## [Problem statement]
Each entry below needs to be transcribed verbatim; the images should not appear.

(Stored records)

====

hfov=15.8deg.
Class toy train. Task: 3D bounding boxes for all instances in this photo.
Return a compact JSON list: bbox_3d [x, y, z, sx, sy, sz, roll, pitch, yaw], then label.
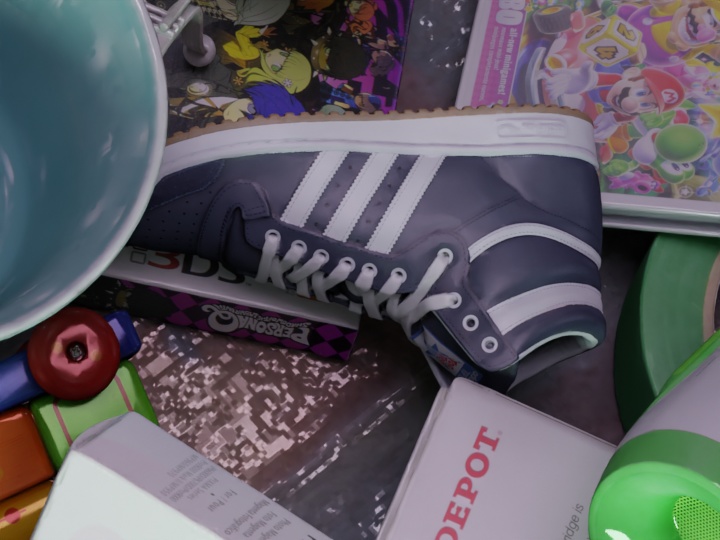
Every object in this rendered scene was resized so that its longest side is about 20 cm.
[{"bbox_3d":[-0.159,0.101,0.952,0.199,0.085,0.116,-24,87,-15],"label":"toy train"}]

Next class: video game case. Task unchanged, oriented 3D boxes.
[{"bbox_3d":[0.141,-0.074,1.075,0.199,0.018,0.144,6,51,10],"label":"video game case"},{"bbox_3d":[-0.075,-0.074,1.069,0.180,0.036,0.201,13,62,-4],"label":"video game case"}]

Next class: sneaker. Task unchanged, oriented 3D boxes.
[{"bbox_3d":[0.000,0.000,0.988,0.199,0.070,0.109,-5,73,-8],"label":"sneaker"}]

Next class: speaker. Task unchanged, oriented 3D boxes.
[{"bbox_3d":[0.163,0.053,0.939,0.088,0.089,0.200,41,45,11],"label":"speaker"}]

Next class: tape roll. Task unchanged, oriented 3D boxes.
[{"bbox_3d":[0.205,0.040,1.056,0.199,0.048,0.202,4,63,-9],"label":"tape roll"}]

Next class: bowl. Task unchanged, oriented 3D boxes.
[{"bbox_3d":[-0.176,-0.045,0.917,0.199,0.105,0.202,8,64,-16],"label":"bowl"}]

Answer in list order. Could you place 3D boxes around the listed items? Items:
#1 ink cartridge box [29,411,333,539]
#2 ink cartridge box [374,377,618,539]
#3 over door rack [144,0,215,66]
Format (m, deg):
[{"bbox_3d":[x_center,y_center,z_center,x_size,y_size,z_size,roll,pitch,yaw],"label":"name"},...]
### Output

====

## [Response for this exercise]
hfov=15.8deg.
Class toy train. Task: 3D bounding boxes for all instances in this photo.
Return a compact JSON list: bbox_3d [x, y, z, sx, sy, sz, roll, pitch, yaw], then label.
Every object in this rendered scene was resized so that its longest side is about 20 cm.
[{"bbox_3d":[-0.159,0.101,0.952,0.199,0.085,0.116,-24,87,-15],"label":"toy train"}]

Next class: video game case. Task unchanged, oriented 3D boxes.
[{"bbox_3d":[0.141,-0.074,1.075,0.199,0.018,0.144,6,51,10],"label":"video game case"},{"bbox_3d":[-0.075,-0.074,1.069,0.180,0.036,0.201,13,62,-4],"label":"video game case"}]

Next class: sneaker. Task unchanged, oriented 3D boxes.
[{"bbox_3d":[0.000,0.000,0.988,0.199,0.070,0.109,-5,73,-8],"label":"sneaker"}]

Next class: speaker. Task unchanged, oriented 3D boxes.
[{"bbox_3d":[0.163,0.053,0.939,0.088,0.089,0.200,41,45,11],"label":"speaker"}]

Next class: tape roll. Task unchanged, oriented 3D boxes.
[{"bbox_3d":[0.205,0.040,1.056,0.199,0.048,0.202,4,63,-9],"label":"tape roll"}]

Next class: bowl. Task unchanged, oriented 3D boxes.
[{"bbox_3d":[-0.176,-0.045,0.917,0.199,0.105,0.202,8,64,-16],"label":"bowl"}]

Answer in list order. Could you place 3D boxes around the listed items? Items:
#1 ink cartridge box [29,411,333,539]
#2 ink cartridge box [374,377,618,539]
#3 over door rack [144,0,215,66]
Format (m, deg):
[{"bbox_3d":[x_center,y_center,z_center,x_size,y_size,z_size,roll,pitch,yaw],"label":"name"},...]
### Output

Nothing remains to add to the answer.